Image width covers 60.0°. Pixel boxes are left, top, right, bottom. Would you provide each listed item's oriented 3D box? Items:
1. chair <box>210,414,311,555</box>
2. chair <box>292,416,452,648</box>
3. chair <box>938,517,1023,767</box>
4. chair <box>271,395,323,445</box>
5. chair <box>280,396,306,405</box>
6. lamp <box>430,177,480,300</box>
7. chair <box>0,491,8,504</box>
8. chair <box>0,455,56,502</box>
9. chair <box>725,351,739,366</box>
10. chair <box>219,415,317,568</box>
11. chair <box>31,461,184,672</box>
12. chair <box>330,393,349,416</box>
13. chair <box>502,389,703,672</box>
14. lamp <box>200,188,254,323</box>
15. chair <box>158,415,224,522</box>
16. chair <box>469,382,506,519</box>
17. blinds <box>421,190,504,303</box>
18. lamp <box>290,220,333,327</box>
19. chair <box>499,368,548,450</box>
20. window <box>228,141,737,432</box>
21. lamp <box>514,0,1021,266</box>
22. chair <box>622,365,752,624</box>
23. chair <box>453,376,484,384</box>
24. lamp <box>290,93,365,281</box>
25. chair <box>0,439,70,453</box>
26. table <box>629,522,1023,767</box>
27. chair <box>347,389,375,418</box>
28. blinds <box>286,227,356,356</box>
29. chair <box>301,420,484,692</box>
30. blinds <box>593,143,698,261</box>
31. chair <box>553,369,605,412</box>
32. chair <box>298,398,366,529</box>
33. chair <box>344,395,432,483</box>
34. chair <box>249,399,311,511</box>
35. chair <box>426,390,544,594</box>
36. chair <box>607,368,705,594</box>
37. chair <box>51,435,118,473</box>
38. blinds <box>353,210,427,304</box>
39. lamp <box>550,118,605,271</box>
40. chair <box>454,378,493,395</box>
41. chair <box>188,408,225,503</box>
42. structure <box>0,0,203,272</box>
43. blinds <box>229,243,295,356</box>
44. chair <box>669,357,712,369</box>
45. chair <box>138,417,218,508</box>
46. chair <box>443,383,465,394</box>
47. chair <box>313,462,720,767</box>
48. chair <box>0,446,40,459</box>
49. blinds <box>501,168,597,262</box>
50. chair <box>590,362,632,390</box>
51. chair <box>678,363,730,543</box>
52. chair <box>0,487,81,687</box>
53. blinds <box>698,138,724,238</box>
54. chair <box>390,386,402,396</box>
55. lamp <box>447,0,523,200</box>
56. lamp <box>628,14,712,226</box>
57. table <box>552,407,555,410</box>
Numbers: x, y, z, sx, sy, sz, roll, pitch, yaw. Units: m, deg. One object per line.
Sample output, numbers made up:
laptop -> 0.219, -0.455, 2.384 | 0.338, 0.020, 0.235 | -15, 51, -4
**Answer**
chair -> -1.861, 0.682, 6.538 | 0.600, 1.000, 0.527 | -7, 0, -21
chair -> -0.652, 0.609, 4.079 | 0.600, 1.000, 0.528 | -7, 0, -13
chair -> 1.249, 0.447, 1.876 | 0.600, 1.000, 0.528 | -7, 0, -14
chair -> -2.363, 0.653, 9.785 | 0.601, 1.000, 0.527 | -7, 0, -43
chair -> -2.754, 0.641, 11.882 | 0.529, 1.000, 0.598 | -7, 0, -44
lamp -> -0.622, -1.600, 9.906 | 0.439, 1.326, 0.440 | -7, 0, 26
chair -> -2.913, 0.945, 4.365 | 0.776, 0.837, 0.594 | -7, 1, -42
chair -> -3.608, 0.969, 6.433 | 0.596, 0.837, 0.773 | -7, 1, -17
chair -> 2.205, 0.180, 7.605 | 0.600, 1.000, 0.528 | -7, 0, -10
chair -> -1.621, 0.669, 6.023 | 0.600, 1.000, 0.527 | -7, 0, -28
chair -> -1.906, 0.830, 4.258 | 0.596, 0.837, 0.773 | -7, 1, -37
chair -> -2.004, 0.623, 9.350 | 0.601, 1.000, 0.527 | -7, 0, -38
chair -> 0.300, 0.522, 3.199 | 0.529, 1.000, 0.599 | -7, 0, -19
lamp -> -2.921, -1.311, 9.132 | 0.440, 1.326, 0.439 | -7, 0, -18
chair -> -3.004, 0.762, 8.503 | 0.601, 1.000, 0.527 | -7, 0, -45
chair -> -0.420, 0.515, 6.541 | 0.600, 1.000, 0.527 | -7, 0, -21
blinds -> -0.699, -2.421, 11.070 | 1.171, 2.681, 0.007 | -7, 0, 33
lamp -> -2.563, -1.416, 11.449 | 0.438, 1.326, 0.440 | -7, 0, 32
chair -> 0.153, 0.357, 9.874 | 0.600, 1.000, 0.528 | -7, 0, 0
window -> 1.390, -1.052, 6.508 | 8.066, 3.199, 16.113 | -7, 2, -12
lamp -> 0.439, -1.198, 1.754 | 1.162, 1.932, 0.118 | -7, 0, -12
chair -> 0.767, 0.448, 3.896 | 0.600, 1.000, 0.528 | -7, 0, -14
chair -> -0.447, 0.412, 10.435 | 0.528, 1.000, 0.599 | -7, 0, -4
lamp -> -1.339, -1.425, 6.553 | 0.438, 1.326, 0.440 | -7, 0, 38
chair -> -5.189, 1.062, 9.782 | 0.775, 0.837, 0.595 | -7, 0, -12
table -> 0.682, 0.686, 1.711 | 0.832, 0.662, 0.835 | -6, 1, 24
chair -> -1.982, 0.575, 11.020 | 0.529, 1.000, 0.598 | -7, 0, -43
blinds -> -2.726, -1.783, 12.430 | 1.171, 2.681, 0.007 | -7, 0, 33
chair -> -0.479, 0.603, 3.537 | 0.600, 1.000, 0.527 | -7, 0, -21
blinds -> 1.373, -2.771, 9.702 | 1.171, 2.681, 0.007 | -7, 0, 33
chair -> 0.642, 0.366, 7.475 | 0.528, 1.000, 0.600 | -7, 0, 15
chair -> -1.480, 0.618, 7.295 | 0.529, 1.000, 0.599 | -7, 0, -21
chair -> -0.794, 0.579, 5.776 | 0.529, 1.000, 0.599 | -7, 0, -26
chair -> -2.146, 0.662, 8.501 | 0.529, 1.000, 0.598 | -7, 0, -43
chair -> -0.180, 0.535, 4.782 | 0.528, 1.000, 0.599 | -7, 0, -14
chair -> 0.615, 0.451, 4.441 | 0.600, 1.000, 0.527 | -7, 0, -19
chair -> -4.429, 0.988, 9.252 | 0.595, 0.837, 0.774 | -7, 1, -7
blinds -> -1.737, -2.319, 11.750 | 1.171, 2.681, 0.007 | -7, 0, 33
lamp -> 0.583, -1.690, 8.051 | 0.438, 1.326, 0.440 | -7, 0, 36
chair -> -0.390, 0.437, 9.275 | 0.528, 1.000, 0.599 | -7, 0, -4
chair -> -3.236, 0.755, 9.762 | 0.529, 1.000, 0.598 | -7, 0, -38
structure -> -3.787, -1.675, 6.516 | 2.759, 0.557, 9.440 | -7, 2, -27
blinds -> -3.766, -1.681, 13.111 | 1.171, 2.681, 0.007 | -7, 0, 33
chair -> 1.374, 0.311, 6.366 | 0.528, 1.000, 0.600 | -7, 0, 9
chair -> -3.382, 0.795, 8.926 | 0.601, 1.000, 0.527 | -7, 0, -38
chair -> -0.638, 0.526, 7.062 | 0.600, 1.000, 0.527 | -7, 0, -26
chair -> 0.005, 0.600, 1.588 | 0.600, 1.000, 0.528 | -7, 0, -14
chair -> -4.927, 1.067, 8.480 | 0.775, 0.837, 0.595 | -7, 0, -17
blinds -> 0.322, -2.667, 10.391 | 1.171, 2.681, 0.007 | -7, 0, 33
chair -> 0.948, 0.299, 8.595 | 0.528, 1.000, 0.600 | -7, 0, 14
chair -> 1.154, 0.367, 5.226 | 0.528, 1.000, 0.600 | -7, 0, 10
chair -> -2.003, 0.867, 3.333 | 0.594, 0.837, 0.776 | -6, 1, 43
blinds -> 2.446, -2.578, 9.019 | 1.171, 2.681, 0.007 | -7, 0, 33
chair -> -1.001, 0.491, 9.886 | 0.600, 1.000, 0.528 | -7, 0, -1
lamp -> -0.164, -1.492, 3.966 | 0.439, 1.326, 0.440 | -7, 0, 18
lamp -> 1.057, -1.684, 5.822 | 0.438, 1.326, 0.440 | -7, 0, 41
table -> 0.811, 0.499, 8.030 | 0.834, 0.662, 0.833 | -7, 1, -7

-------------------------

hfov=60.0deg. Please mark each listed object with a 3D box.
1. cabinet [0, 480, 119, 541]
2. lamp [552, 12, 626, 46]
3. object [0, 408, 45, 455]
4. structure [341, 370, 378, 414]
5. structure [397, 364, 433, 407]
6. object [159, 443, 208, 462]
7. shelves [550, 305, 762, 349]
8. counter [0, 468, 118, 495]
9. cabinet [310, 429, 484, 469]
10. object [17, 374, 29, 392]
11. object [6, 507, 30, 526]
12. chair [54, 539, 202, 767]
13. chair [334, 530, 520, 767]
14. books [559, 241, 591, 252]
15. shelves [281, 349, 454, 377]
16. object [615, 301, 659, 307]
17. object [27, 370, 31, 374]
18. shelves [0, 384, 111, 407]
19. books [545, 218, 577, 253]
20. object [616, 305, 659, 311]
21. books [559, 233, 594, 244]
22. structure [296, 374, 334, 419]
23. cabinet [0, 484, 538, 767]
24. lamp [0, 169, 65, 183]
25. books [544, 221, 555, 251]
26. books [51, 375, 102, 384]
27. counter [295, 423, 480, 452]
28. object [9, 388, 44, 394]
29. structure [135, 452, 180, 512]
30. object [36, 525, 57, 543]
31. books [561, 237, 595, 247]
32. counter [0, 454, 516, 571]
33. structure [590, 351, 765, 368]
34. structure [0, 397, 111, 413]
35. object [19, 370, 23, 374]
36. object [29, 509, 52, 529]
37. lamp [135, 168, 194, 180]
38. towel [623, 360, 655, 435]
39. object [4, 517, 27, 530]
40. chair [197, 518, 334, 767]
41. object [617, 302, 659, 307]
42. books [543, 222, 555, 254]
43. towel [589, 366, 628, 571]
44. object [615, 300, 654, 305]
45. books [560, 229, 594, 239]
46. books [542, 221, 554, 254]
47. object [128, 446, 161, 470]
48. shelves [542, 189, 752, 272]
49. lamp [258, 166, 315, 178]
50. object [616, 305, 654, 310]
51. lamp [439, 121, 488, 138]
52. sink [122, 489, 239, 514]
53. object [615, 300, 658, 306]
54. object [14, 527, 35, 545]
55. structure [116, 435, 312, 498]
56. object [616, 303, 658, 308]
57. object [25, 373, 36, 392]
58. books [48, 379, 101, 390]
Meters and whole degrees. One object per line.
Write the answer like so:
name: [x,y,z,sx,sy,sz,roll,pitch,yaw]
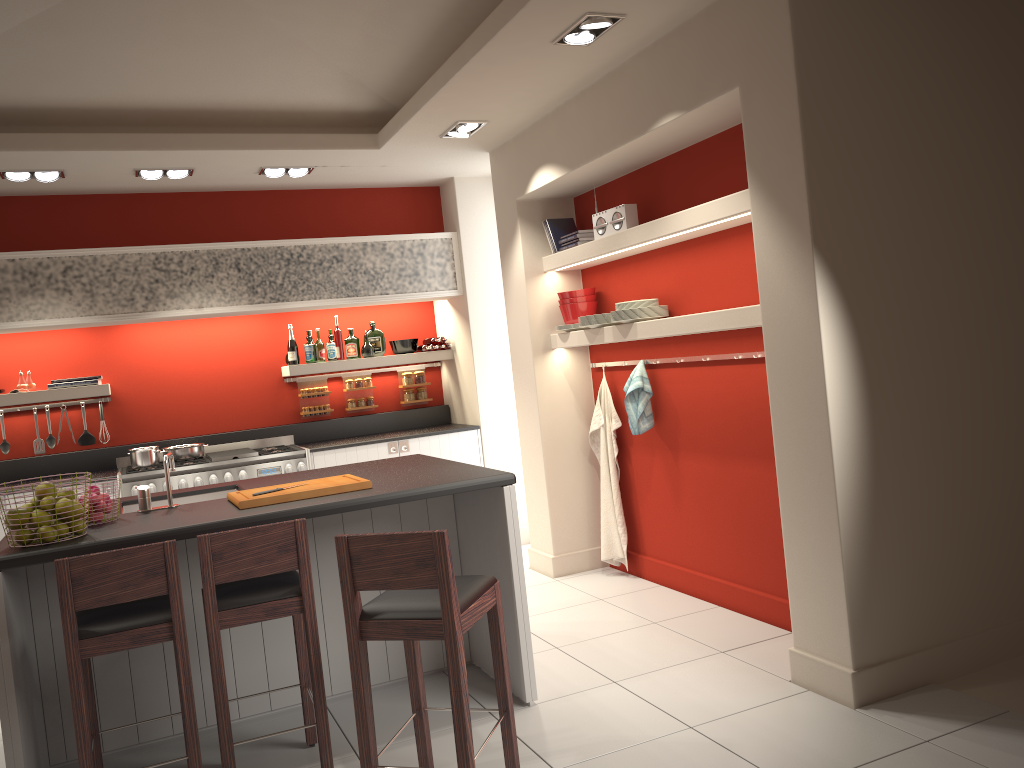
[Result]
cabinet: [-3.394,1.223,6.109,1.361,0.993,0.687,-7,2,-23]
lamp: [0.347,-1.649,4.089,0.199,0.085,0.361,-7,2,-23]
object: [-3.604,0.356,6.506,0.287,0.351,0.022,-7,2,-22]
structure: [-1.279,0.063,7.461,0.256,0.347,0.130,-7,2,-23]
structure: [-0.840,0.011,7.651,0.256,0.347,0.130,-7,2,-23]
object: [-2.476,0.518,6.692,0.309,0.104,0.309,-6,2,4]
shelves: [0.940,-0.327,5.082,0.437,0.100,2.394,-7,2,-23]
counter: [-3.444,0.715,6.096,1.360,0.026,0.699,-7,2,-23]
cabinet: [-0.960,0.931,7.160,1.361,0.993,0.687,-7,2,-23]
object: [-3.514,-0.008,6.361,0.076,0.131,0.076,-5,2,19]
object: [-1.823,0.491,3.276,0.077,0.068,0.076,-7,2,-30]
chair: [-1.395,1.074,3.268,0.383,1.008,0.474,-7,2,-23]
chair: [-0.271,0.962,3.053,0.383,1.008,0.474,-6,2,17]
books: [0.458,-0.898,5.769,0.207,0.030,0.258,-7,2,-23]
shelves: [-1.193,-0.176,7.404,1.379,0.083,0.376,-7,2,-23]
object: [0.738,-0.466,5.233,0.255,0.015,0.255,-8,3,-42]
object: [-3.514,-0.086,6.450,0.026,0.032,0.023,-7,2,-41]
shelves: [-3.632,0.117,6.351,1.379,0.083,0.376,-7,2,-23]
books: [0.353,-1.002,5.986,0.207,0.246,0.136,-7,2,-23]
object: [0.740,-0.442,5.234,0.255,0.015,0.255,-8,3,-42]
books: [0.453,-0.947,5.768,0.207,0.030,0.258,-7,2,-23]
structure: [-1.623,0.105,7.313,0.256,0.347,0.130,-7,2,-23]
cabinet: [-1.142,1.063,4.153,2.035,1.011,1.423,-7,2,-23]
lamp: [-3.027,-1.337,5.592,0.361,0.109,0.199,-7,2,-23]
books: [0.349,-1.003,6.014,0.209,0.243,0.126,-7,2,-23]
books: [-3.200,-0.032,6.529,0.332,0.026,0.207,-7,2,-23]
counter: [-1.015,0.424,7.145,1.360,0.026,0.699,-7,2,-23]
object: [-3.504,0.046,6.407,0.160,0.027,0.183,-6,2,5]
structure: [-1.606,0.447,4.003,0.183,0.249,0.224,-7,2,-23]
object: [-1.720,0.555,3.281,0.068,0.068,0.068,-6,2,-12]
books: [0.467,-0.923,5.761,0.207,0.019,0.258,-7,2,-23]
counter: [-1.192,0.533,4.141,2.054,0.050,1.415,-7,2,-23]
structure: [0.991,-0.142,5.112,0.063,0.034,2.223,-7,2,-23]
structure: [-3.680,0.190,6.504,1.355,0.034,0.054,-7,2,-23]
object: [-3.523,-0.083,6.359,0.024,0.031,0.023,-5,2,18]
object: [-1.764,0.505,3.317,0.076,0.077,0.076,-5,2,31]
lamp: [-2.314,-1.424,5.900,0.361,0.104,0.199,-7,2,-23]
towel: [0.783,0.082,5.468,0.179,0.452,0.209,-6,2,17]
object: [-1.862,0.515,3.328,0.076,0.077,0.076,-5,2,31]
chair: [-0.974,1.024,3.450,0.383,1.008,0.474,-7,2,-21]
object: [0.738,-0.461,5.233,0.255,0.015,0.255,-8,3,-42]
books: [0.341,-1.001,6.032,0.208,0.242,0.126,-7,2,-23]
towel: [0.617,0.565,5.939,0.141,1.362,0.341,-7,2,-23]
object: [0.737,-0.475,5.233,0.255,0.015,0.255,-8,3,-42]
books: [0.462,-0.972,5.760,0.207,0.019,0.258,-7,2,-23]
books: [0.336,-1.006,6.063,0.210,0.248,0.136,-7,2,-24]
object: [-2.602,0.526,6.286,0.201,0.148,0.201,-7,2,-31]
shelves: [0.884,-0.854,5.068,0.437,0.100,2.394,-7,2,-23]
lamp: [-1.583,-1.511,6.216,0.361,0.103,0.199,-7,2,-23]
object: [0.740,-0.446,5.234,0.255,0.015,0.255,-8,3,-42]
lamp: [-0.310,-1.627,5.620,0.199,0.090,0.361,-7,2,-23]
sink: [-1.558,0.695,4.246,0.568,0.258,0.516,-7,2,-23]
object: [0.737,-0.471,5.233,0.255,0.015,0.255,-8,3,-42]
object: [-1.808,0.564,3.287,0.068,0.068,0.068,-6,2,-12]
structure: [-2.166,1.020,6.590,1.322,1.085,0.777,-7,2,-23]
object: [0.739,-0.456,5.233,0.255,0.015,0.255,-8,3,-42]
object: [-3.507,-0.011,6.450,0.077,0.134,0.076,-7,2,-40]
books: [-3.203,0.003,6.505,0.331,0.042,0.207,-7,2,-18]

-------------------------

Restate word for word the lines in the material above from the one with "6. object [159, 443, 208, 462]" to the one with "38. towel [623, 360, 655, 435]"; both of those lines count, and nothing else does.

6. object [159, 443, 208, 462]
7. shelves [550, 305, 762, 349]
8. counter [0, 468, 118, 495]
9. cabinet [310, 429, 484, 469]
10. object [17, 374, 29, 392]
11. object [6, 507, 30, 526]
12. chair [54, 539, 202, 767]
13. chair [334, 530, 520, 767]
14. books [559, 241, 591, 252]
15. shelves [281, 349, 454, 377]
16. object [615, 301, 659, 307]
17. object [27, 370, 31, 374]
18. shelves [0, 384, 111, 407]
19. books [545, 218, 577, 253]
20. object [616, 305, 659, 311]
21. books [559, 233, 594, 244]
22. structure [296, 374, 334, 419]
23. cabinet [0, 484, 538, 767]
24. lamp [0, 169, 65, 183]
25. books [544, 221, 555, 251]
26. books [51, 375, 102, 384]
27. counter [295, 423, 480, 452]
28. object [9, 388, 44, 394]
29. structure [135, 452, 180, 512]
30. object [36, 525, 57, 543]
31. books [561, 237, 595, 247]
32. counter [0, 454, 516, 571]
33. structure [590, 351, 765, 368]
34. structure [0, 397, 111, 413]
35. object [19, 370, 23, 374]
36. object [29, 509, 52, 529]
37. lamp [135, 168, 194, 180]
38. towel [623, 360, 655, 435]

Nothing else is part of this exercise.